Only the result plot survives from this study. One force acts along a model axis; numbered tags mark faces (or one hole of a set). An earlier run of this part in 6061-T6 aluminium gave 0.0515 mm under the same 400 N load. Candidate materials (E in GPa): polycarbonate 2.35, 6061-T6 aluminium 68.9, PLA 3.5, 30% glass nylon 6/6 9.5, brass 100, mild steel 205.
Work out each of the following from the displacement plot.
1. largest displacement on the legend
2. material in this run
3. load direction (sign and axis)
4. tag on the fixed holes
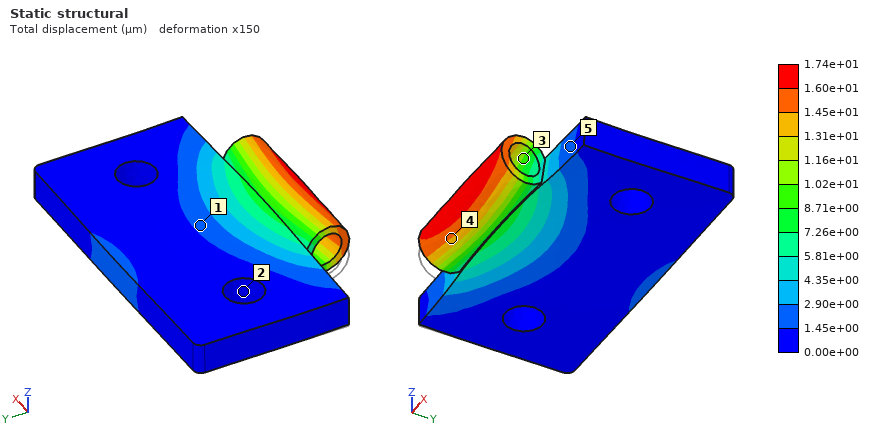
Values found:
1.74e+01 µm
mild steel
+Z
2
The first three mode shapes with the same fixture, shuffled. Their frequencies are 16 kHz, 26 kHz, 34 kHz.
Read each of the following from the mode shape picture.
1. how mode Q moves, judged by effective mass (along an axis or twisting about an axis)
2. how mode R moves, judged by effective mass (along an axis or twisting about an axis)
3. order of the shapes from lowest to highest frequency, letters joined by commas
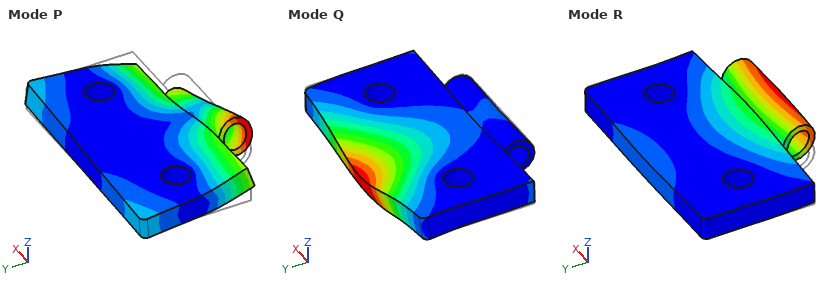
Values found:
along Z
along Z
R, Q, P

**Work request**
Go back to the line containing "Read each of" and output it and every line after it through the end of the records, exactly, but not the pictures.

**Response below**
Read each of the following from the mode shape picture.
1. how mode Q moves, judged by effective mass (along an axis or twisting about an axis)
2. how mode R moves, judged by effective mass (along an axis or twisting about an axis)
3. order of the shapes from lowest to highest frequency, letters joined by commas
Values found:
along Z
along Z
R, Q, P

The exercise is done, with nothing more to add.